## What is needed
An exact transcription of every entry is required, with the images left out.

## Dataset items
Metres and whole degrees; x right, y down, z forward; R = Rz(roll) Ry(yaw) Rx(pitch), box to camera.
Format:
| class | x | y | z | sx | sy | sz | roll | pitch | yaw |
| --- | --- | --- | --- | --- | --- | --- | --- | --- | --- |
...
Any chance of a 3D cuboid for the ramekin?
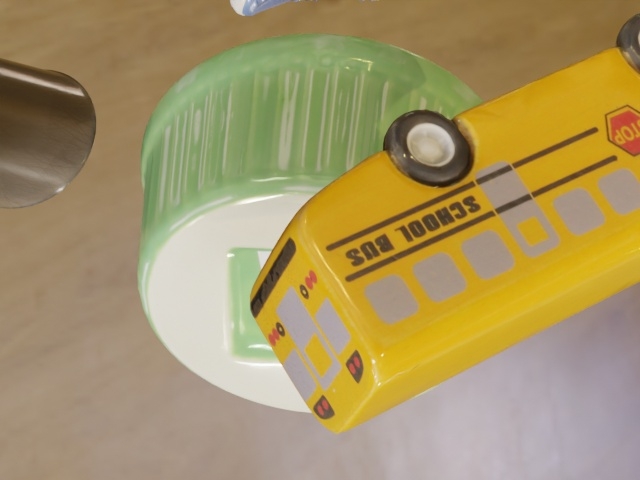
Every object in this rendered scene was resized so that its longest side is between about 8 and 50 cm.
| class | x | y | z | sx | sy | sz | roll | pitch | yaw |
| --- | --- | --- | --- | --- | --- | --- | --- | --- | --- |
| ramekin | 0.000 | 0.000 | 1.485 | 0.303 | 0.303 | 0.148 | 54 | 30 | -38 |

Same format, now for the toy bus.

## Result
Metres and whole degrees; x right, y down, z forward; R = Rz(roll) Ry(yaw) Rx(pitch), box to camera.
Format:
| class | x | y | z | sx | sy | sz | roll | pitch | yaw |
| --- | --- | --- | --- | --- | --- | --- | --- | --- | --- |
...
Any chance of a 3D cuboid for the ramekin?
Every object in this rendered scene was resized so that its longest side is between about 8 and 50 cm.
| class | x | y | z | sx | sy | sz | roll | pitch | yaw |
| --- | --- | --- | --- | --- | --- | --- | --- | --- | --- |
| ramekin | 0.000 | 0.000 | 1.485 | 0.303 | 0.303 | 0.148 | 54 | 30 | -38 |

Same format, now for the toy bus.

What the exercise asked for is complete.